**** DATA FOR THIS EXERCISE

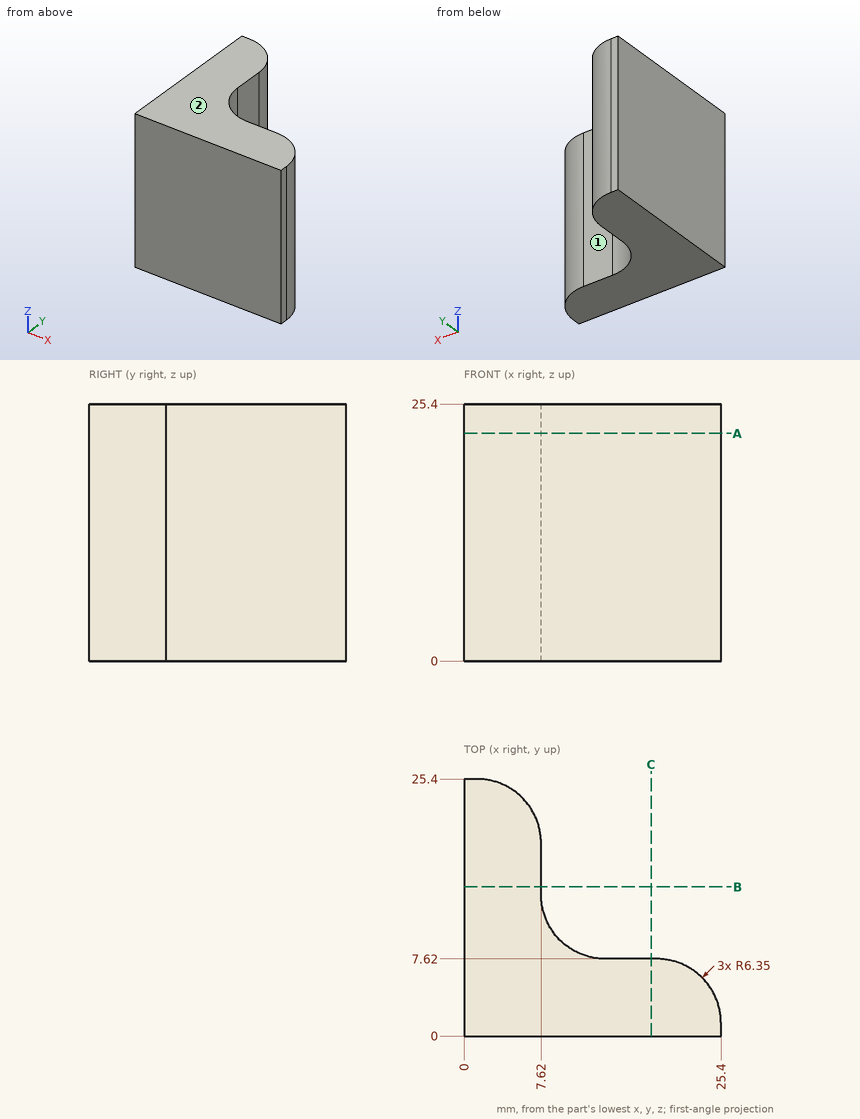
Check sheet for the drawn part. Datum: minimum x, y, z corner. Units: mm. A direction names the side the tool comes from. Coordinates: 2 decimals unless noted, no trailing zeros. Write each loop counter-clockwise with the first axis right and the second up, starting at its lowest first coordinate (ties: lowest second). Pieces come first, ordered by that corner, then holes. Notation, with made-up numbers: (61.5, 21) - (115.5, 21) arc R13 cw to (115.5, 34) - close; hole circle Ø6 at (11, -39.5). An arc over 180 degrees is marked (long way). Answer as a JSON object with one key per item and string values.
(1) Thickness scan on line 1 along X through (y, z) = (14.5, 11.25); line 2 along Y through (x, z) = (10.75, 4.75). Record the ranges inside material, lowest first.
Report:
{"line 1": "0 to 7.62", "line 2": "0 to 8.5"}
(2) Cross-section at B-B on y = 14.75. Record the cut outline in (x, z), plus the area to 3 significant figures.
Report:
{"outline": "(0, 0) - (7.62, 0) - (7.62, 25.4) - (0, 25.4) - close", "area": "194 mm^2"}
(3) Cross-section at A-A on z = 22.5. Record the cut outline in (x, y), plus the area to 3 significant figures.
Report:
{"outline": "(0, 0) - (25.4, 0) - (25.4, 1.27) arc R6.35 ccw to (19.05, 7.62) - (13.97, 7.62) arc R6.35 cw to (7.62, 13.97) - (7.62, 19.05) arc R6.35 ccw to (1.27, 25.4) - (0, 25.4) - close", "area": "320 mm^2"}
(4) Tool access check on the marked faces 1 and 2. Record the directions out of +Z, -Z, +X, -X, +Y, -Y that give a thin tool (end or side, any length) a straight path to the whole face; none if there is none.
Report:
{"face 1": "+Z, -Z, +X, +Y", "face 2": "+Z, +X, -X, +Y, -Y"}
(5) Gauge pin test, flat ends, axial feed: pin 1 Ø1 at (x, z) = (20, 12) entering from +Y; pin 2 Ø3 at (y, z) = (22.5, 16.5) entering from +X; pin 3 Ø1 at (x, z) = (5, 16.5) entering from +Y. Record the tip position at first contact, or that the pin passes through.
Report:
{"pin 1": "y = 7.6", "pin 2": "x = 7.31", "pin 3": "y = 24.52"}
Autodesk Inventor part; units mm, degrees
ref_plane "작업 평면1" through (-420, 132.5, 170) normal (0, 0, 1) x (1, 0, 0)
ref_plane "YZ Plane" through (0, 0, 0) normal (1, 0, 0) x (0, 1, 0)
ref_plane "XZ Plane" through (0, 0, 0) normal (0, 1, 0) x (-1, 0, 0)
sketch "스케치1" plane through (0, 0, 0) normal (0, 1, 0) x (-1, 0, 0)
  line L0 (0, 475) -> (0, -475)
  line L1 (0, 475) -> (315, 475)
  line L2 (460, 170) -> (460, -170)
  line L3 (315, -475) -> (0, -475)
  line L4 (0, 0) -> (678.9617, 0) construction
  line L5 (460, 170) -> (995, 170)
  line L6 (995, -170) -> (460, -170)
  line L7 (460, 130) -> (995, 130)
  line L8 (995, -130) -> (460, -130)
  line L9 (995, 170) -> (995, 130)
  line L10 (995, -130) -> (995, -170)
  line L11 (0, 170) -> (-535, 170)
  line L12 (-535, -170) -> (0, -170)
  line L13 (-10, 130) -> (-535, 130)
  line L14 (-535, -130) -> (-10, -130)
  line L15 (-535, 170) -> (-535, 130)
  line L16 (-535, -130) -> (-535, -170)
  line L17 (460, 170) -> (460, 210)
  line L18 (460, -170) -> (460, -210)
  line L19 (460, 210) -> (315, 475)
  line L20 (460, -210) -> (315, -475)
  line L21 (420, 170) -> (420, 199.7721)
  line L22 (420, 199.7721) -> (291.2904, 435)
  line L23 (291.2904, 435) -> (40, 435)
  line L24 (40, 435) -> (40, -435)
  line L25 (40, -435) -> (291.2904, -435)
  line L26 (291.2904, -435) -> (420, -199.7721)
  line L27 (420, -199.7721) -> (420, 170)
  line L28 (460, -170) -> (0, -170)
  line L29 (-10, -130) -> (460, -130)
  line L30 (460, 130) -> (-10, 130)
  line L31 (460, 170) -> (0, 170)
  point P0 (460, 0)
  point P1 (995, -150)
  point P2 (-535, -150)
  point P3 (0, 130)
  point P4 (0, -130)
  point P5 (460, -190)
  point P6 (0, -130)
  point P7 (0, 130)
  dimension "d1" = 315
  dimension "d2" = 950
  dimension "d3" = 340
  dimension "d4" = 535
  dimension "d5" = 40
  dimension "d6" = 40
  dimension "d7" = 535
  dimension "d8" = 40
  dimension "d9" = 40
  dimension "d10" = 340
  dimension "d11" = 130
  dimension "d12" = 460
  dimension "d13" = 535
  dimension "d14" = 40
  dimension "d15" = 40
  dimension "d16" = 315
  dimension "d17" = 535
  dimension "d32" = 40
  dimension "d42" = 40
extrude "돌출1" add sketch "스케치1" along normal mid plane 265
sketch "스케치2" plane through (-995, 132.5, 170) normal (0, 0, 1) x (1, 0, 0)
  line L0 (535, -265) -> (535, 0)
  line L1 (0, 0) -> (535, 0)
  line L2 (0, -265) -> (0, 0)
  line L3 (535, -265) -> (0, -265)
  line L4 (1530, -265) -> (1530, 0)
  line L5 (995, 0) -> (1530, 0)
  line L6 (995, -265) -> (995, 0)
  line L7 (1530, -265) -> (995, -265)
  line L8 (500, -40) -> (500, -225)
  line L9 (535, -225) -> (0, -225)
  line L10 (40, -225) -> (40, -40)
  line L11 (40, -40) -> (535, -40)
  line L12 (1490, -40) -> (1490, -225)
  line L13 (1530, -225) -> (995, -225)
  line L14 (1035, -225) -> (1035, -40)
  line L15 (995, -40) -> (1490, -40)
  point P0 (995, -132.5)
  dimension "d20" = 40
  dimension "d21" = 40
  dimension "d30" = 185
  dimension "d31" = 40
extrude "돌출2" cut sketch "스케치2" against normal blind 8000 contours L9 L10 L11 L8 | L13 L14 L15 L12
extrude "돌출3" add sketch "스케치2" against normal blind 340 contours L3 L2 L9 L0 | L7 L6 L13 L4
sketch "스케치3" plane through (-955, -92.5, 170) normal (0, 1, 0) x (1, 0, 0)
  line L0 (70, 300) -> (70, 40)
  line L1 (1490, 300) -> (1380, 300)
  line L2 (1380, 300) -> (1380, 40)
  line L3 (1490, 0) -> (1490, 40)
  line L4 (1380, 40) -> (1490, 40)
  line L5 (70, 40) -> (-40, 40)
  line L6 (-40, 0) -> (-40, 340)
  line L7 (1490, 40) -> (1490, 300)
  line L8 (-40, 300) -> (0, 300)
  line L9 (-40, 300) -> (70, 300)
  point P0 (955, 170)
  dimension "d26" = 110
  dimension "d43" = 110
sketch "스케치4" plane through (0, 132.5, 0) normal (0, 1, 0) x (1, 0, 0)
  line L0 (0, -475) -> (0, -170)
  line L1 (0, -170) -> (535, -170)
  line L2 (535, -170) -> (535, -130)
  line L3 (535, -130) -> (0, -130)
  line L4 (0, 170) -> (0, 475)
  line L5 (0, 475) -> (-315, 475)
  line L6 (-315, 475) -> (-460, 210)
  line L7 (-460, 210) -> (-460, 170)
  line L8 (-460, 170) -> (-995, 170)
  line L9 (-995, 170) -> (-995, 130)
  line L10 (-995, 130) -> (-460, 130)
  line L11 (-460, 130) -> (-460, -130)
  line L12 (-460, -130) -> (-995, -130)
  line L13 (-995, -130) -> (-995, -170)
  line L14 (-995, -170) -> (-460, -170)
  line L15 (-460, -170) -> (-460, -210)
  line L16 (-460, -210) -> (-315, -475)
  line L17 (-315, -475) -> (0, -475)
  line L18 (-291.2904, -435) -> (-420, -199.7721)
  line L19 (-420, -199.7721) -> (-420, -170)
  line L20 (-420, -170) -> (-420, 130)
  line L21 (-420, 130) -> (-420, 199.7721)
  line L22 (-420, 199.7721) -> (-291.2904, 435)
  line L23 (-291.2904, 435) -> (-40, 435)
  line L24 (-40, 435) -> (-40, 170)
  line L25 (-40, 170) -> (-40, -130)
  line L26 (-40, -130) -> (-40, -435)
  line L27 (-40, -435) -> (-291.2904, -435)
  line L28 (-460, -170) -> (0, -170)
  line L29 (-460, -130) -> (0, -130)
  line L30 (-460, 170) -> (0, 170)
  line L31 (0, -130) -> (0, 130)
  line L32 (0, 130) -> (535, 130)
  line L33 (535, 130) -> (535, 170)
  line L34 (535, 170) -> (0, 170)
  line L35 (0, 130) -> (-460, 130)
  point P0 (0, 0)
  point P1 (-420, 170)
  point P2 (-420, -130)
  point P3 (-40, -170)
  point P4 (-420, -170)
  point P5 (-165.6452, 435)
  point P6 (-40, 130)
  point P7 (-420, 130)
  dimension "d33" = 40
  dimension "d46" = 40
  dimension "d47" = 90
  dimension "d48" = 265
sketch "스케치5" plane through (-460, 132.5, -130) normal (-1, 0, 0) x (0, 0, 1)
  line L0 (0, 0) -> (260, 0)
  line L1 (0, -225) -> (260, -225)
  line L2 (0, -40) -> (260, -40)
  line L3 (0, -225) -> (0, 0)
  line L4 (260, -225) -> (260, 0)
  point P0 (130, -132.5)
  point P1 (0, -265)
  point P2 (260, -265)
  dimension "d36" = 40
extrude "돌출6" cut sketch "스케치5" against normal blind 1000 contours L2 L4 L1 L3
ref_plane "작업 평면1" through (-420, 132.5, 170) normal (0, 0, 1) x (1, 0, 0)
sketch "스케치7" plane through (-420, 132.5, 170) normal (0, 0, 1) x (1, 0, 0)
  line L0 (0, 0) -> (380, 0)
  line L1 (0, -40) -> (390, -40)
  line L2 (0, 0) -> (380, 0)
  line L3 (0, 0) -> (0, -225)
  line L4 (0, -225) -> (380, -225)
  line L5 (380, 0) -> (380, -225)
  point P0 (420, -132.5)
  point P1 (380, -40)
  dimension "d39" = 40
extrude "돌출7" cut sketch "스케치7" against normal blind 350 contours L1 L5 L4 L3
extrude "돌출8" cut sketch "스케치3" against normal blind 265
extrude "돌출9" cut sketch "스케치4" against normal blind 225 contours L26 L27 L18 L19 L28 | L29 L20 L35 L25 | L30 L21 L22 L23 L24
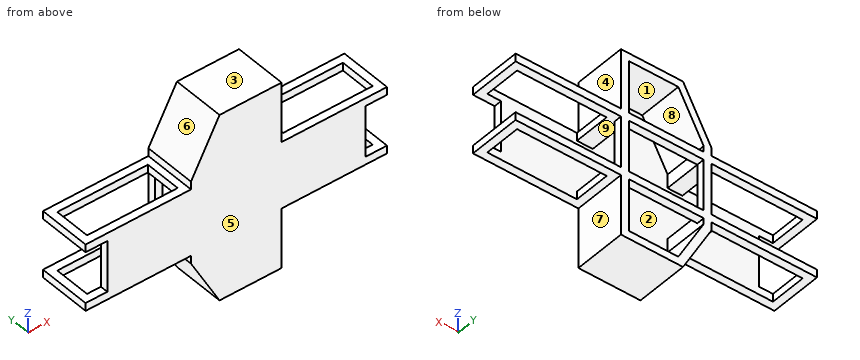
Geometry check sheet. Reference: the model listing, model coordinates, mm. Face numbers are marked on the shaded views. A direction names the side the tool comes from. Coordinates: 2 decimals unless noted, no trailing zeros. Order: outer loops, then holes, each group sorted by start corner. A loop starts at its lowest first (then second) coordinate and runs counter-clockwise, first axis right, second up. Notation, with made-up numbers: M 46.5,79.5 L 53.5,79.5 A29 ccw 53.5,117.5 Z; hole C 66,-27 d8. An arc over 180 degrees is marked long. Answer as a JSON object with one key per item and string values.
Q1. Tool access check on the marked faces 5, 6, 7, 8 and 9. Record the directions out of +Z, -Z, +X, -X, +Y, -Y that give a thin tool (end or side, any length) a straight path to the whole face; none if there is none.
Results are:
{"face 5": "+Z, -Z, +X, -X, -Y", "face 6": "+Z, -X, +Y, -Y", "face 7": "-Z, +X, +Y, -Y", "face 8": "+Y", "face 9": "+X"}
Q2. Scan lines: line 1 (Z direction, x = -485, y = -55.5); line 2 (Y direction, x = 130, z = -139.5); line 3 (X direction, y = 76, z = -145.5). Record each from-to range of solid material in increasing order.
Results are:
{"line 1": "z = -170 to -130, 130 to 170", "line 2": "y = -132.5 to -92.5, 92.5 to 132.5", "line 3": "x = -995 to -955, -495 to -420, -40 to 40, 495 to 535"}
Q3. Cross-section at A-A on z = 7. Record the cut outline in (x, y), and give its area (3 significant figures).
Results are:
{"outline": "M -885,-132.5 L 425,-132.5 L 425,-92.5 L -885,-92.5 Z; M -460,92.5 L -420,92.5 L -420,132.5 L -460,132.5 Z; M -40,92.5 L 0,92.5 L 0,132.5 L -40,132.5 Z", "area": "55,600 mm²"}
Q4. Cross-section at B-B on x = -846.5. Record the cut outline in (y, z), and give its area (3 significant figures).
Results are:
{"outline": "M -132.5,-170 L -92.5,-170 L -92.5,170 L -132.5,170 Z; M 92.5,-170 L 132.5,-170 L 132.5,-130 L 92.5,-130 Z; M 92.5,130 L 132.5,130 L 132.5,170 L 92.5,170 Z", "area": "16,800 mm²"}
Q5. Release check for a two-part mould opening along X. For the marked faces 1, 2, 3 and 4 record: released by +X, released by -X, zero draft, split by the parting line, or undercut.
Results are:
{"face 1": "undercut", "face 2": "undercut", "face 3": "zero draft", "face 4": "released by +X"}
Q6. Cross-section at C-C on y = -113. Record the cut outline in (x, z), and give its area (3 significant figures).
Results are:
{"outline": "M -995,-170 L -460,-170 L -460,-210 L -315,-475 L 0,-475 L 0,-170 L 535,-170 L 535,-130 L 425,-130 L 425,130 L 535,130 L 535,170 L 0,170 L 0,475 L -315,475 L -460,210 L -460,170 L -995,170 L -995,130 L -885,130 L -885,-130 L -995,-130 Z", "area": "705,000 mm²"}
Q7. Depth check by flat-ended pin: pin 1 Ø4 at (x, z) = (-377.5, -2.5) entering from +Y; pin 2 Ø6 at (y, z) = (-37, -311) entering from +X; pin 3 Ø6 at (y, z) = (-70.5, 321.5) entering from -X. Enter the tip coordinate at first touch or a pass-through.
Results are:
{"pin 1": "stops at y = -92.5", "pin 2": "stops at x = 0", "pin 3": "stops at x = -400.63"}
Q8. Cross-section at D-D on z = -241. Record the cut outline in (x, y).
Results are:
{"outline": "M -443.04,-132.5 L 0,-132.5 L 0,132.5 L -40,132.5 L -40,-92.5 L -397.44,-92.5 L -397.44,132.5 L -443.04,132.5 Z"}

********

• **YOUR TASK**: Would you please copy, word for word, everything above from the line containing "line L18 (-291.2904, -435)" down to the line containing "line L28 (-460, -170) -> (0, -170)", those two lines included?

• **RESULT OF THIS TASK**:
  line L18 (-291.2904, -435) -> (-420, -199.7721)
  line L19 (-420, -199.7721) -> (-420, -170)
  line L20 (-420, -170) -> (-420, 130)
  line L21 (-420, 130) -> (-420, 199.7721)
  line L22 (-420, 199.7721) -> (-291.2904, 435)
  line L23 (-291.2904, 435) -> (-40, 435)
  line L24 (-40, 435) -> (-40, 170)
  line L25 (-40, 170) -> (-40, -130)
  line L26 (-40, -130) -> (-40, -435)
  line L27 (-40, -435) -> (-291.2904, -435)
  line L28 (-460, -170) -> (0, -170)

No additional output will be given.